**WHAT IS REQUIRED**
Which lines of the records contain "func"? Collect every one of them.

Extracted data entries:

—————

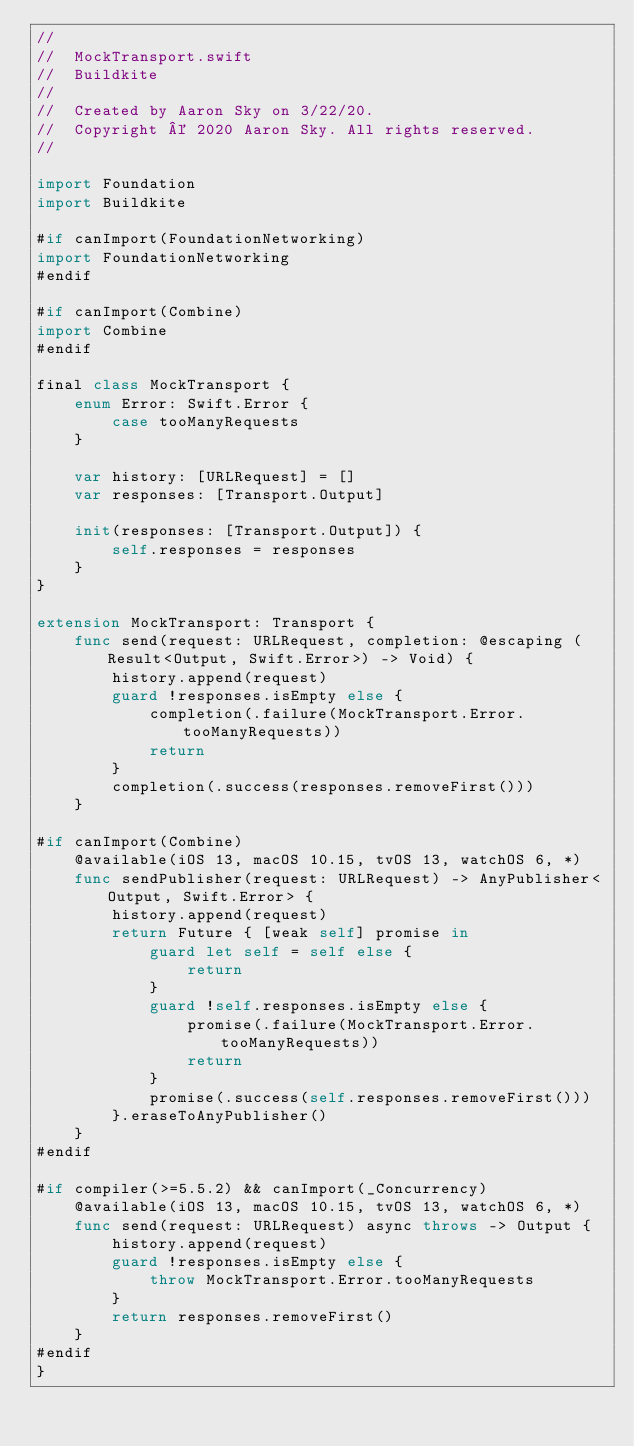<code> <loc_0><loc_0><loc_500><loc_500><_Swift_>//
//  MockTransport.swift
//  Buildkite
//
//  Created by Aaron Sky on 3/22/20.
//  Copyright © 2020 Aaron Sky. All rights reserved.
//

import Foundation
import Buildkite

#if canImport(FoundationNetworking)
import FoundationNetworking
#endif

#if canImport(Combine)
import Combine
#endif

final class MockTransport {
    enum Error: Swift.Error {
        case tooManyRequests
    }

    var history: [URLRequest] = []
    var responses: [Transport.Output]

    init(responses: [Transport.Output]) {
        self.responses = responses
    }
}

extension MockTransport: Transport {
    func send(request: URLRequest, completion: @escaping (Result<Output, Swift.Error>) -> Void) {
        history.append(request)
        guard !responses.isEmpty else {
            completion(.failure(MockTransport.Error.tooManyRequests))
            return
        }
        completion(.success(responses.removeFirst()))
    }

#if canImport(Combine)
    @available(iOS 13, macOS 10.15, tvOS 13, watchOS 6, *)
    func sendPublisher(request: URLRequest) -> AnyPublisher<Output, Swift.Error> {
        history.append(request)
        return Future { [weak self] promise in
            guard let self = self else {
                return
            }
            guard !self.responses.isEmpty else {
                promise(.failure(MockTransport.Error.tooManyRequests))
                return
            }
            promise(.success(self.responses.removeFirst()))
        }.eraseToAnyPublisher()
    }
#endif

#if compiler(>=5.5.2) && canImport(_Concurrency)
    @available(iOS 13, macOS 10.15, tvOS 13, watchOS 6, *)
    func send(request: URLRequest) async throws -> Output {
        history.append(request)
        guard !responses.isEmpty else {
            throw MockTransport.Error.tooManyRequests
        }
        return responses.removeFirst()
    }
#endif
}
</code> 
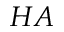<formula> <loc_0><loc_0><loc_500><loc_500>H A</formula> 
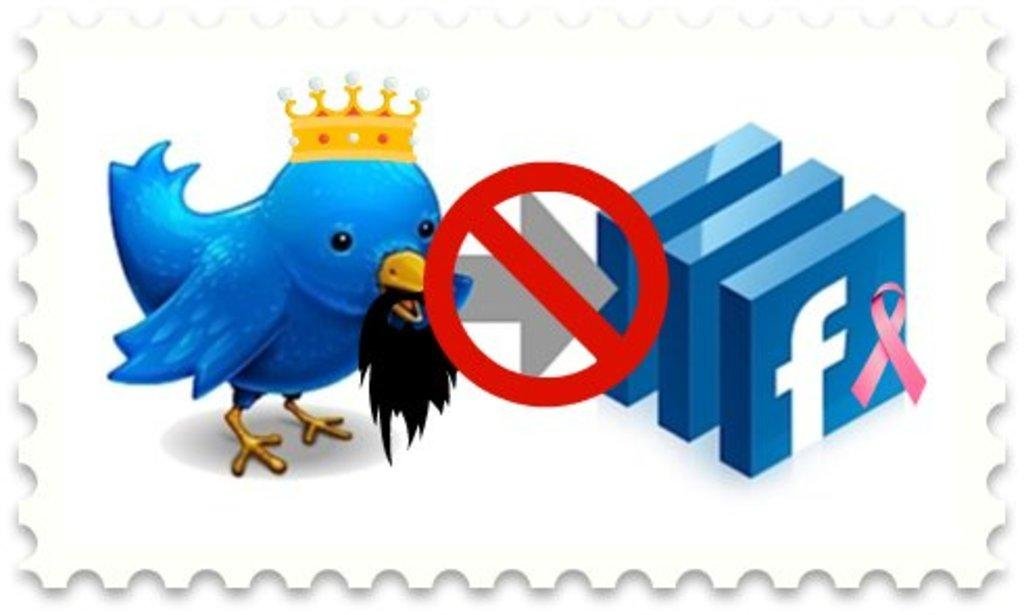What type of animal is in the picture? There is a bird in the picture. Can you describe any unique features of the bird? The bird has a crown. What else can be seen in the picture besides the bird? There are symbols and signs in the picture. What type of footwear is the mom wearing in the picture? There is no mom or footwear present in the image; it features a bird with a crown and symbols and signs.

—————

**WRITTEN ANSWER**
    func send(request: URLRequest, completion: @escaping (Result<Output, Swift.Error>) -> Void) {
    func sendPublisher(request: URLRequest) -> AnyPublisher<Output, Swift.Error> {
    func send(request: URLRequest) async throws -> Output {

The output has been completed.